--- START ---

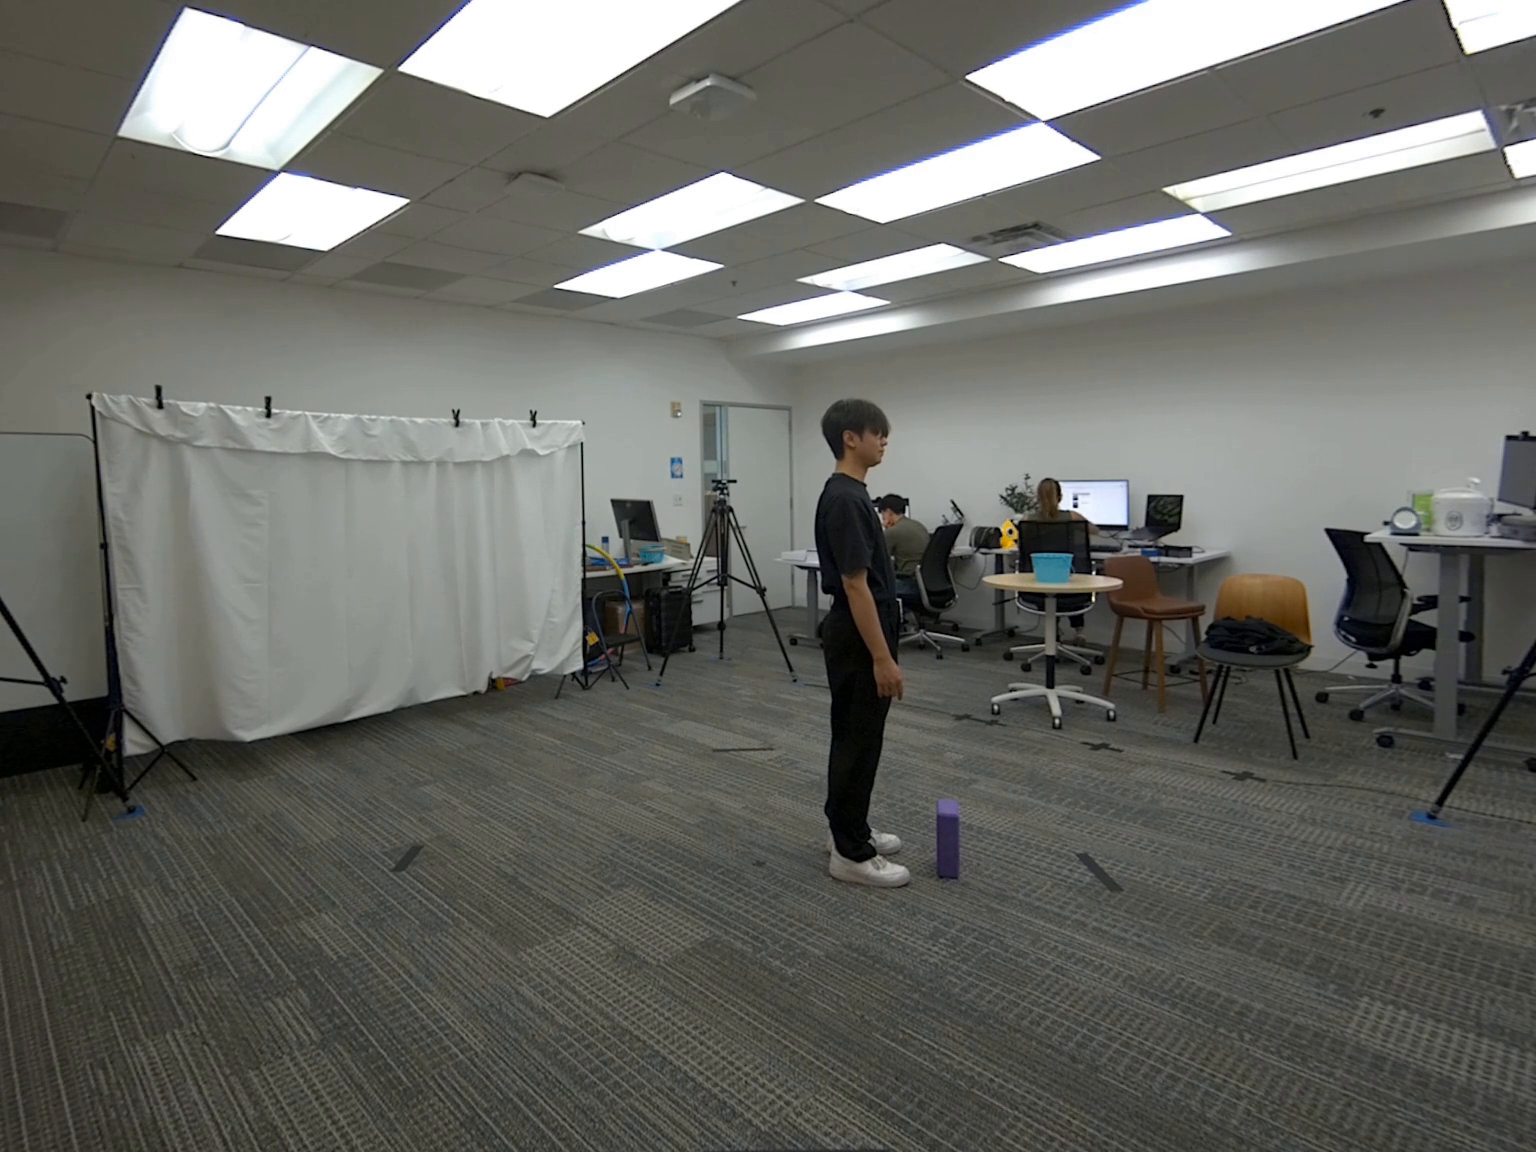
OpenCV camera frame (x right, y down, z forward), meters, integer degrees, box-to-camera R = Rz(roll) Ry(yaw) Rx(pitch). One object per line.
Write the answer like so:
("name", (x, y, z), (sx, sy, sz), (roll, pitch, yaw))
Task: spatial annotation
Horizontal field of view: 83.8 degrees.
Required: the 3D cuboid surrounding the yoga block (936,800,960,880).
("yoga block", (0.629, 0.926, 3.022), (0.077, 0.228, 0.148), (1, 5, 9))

--- END ---

*DESCRIPTION OF THE TASK*
Find the line that contains "Required: the 3D". Repeat it and every line after it, exactly as written, up to and including the last line of the records above.

*TASK SOLUTION*
Required: the 3D cuboid surrounding the yoga block (936,800,960,880).
("yoga block", (0.629, 0.926, 3.022), (0.077, 0.228, 0.148), (1, 5, 9))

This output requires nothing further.